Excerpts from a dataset
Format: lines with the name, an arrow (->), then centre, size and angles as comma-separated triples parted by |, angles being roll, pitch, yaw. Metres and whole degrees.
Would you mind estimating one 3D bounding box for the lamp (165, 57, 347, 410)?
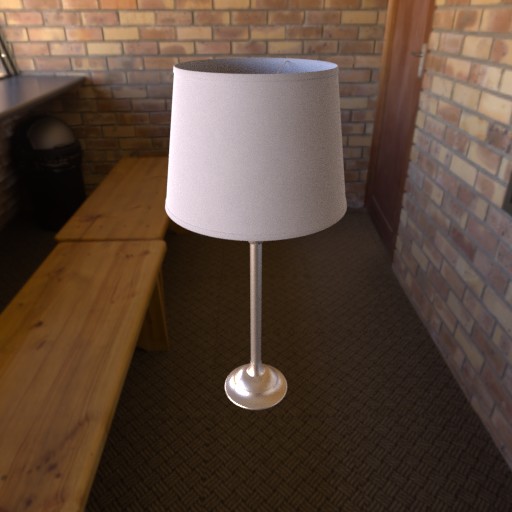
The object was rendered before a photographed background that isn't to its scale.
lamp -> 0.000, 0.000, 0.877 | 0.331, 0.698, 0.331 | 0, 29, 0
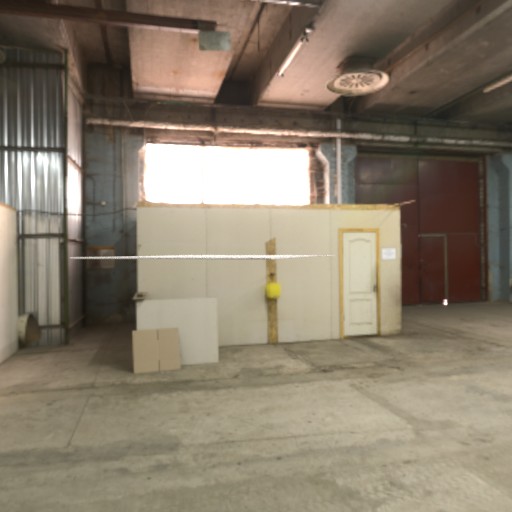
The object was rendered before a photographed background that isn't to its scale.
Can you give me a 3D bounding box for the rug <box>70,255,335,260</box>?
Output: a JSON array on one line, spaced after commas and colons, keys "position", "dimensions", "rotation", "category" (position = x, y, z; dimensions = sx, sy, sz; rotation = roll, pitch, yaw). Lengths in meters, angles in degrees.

▶ [About this exercise]: Restate the data above word for word, so that the only difference is the missing pictures.

▶ [Response to the exercise]:
Format: lines with the name, an arrow (->), then centre, size and angles as comma-separated triples parted by |, angles being roll, pitch, yaw. Metres and whole degrees.
Would you mind estimating one 3D bounding box for the lamp (165, 57, 347, 410)?
The object was rendered before a photographed background that isn't to its scale.
lamp -> 0.000, 0.000, 0.877 | 0.331, 0.698, 0.331 | 0, 29, 0
The object was rendered before a photographed background that isn't to its scale.
Can you give me a 3D bounding box for the rug <box>70,255,335,260</box>?
Output: a JSON array on one line, spaced after commas and colons, keys "position", "dimensions", "rotation", "category" (position = x, y, z; dimensions = sx, sy, sz; rotation = roll, pitch, yaw). Lengths in meters, angles in degrees.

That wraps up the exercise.